Contents of Parallel Speedup Lecture

  1. References
  2. How much Speedup is Possible?
    1. Amdahl's Law - Serial Bottlenecks
    2. Principle of Unitary Speedup
    3. Superlinear Speedup in Theory
    4. Superlinear Speedup in Practice

References

S. G. Akl, M. Cosnard, and A. G. Ferreira, Data-movement-intensive problems: two folk theorems in parallel computation revisited, Theoretical Computer Science 95 (1992) 323-337

G. S. Almasi and A. Gottlieb, Highly Parallel Computing, Benjamin/Cummings, 1989

comp.parallel newsgroup, January 1995


How much Speedup is Possible?

Amdahl's Law - Serial Bottlenecks

Definitions

Ts(N) = time required by best sequential algorithm to solve a problem of size N
Tp(N) = time required by parallel algorithm using p processors to solve a problem of size N
Sp(N) = Ts(N)/Tp(N)
Sp(N) is the speedup achieved by the parallel algorithm

Amdahl's law

Assume

An operation takes one time unit
A fraction 0 < f < 1 of the operations must be done sequentially
Then Sp(N) <= 1/f

Proof:

We have

f*Ts(N) = number of operations that must be done sequentially
(1-f)*Ts(N) = number of operations that can be done in parallel

We get

Tp(N) = f*Ts(N) + (1-f)*Ts(N)/p
so

Sp(N)
= Ts(N)/(f*Ts(N) + (1-f)*Ts(N)/p)
= 1/(f + (1-f)/p)

But (1-f)/p < 1

Thus Sp(N) <= 1/f


Amdahl's Law with 5% Sequential Operations

Maximum speedup obtainable on an algorithm if 5% of its operations must be done sequentially


Amdahl's Law Expanded

On many algorithms the fraction of the operations that must be done sequentially is not a constant f, but a function, f(N), of the size of the input of the algorithm .

So the law states

Sp(N) <= 1/f(N)

Example - Sorting N Numbers

Assume

The only operations that must be done sequentially are the reading of the N numbers from disk

Total amount of work for sorting = Theta( N*lg(N) )
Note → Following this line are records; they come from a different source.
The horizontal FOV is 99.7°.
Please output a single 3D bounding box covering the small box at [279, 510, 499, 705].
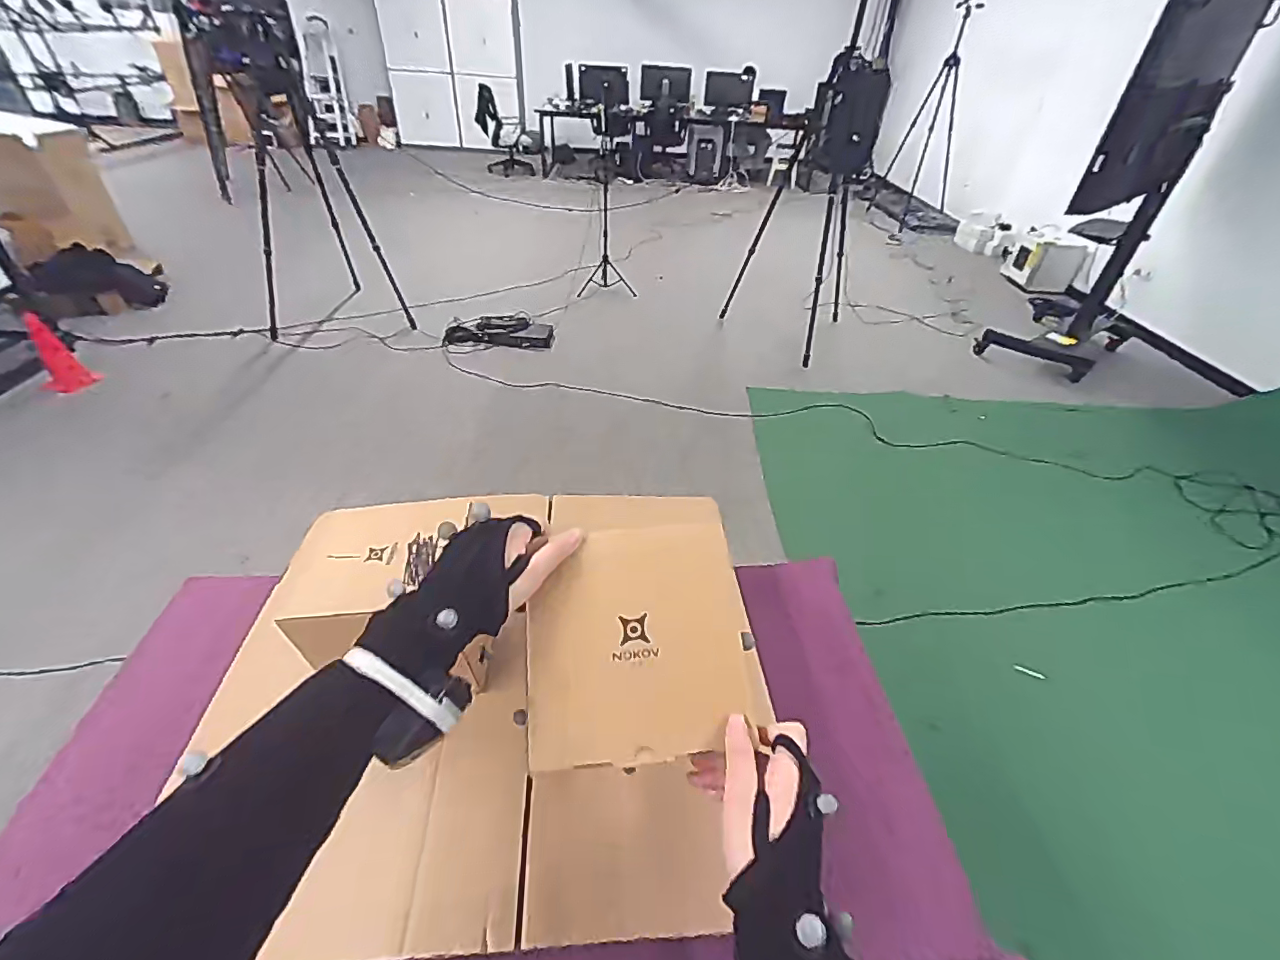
[{"bbox_3d":[-0.285,0.158,0.668,0.179,0.176,0.168,-5,40,1],"label":"small box"}]
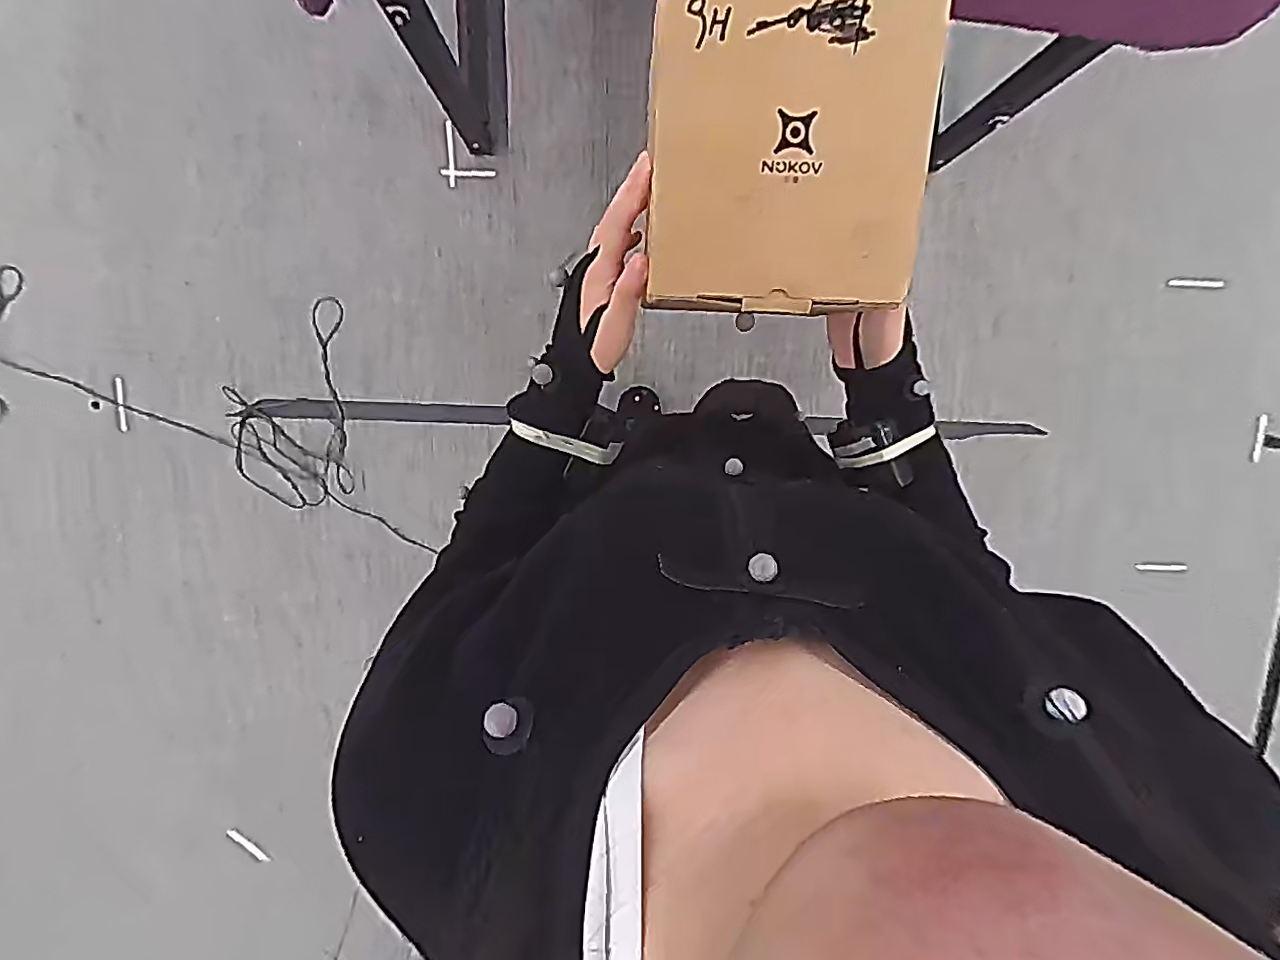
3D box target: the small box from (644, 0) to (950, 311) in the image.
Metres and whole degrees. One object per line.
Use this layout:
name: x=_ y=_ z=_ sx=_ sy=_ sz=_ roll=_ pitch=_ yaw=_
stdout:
small box: x=0.089 y=-0.221 z=0.404 sx=0.168 sy=0.176 sz=0.179 roll=2 pitch=106 yaw=-2

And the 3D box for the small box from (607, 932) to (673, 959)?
small box: x=0.002 y=1.256 z=1.317 sx=0.168 sy=0.176 sz=0.179 roll=-2 pitch=98 yaw=-2
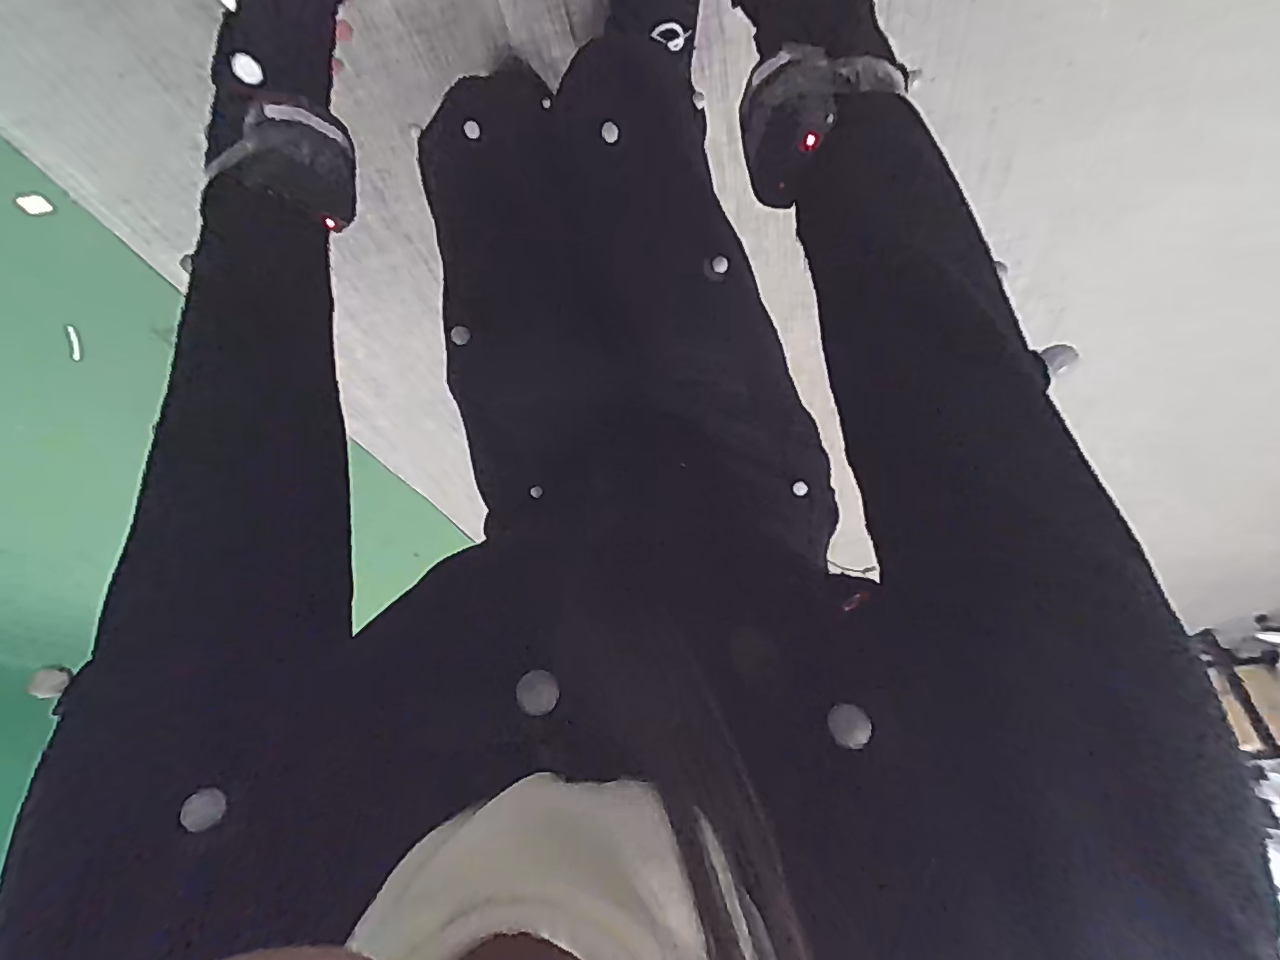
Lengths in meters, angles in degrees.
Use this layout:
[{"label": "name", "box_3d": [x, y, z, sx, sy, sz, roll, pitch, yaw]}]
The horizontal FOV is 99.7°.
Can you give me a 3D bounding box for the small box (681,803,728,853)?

Sequential operations = Theta( N )

So

f(N) = Theta( N/{N*lg(N)} ) = Theta( 1/lg(N) )

Example Multiplying Two N*N Matrices

Two N*N matrices have a total of 2*N*N elements

Assume

The only operations that must be done sequentially are the reading of the 2*N*N numbers from disk

The straight forward method of multiplying two matrices takes

Theta( N*N*N ) operations

Sequential operations = Theta( N*N )

So

f(N) = Theta( N*N/{N*N*N} ) = Theta( 1/N )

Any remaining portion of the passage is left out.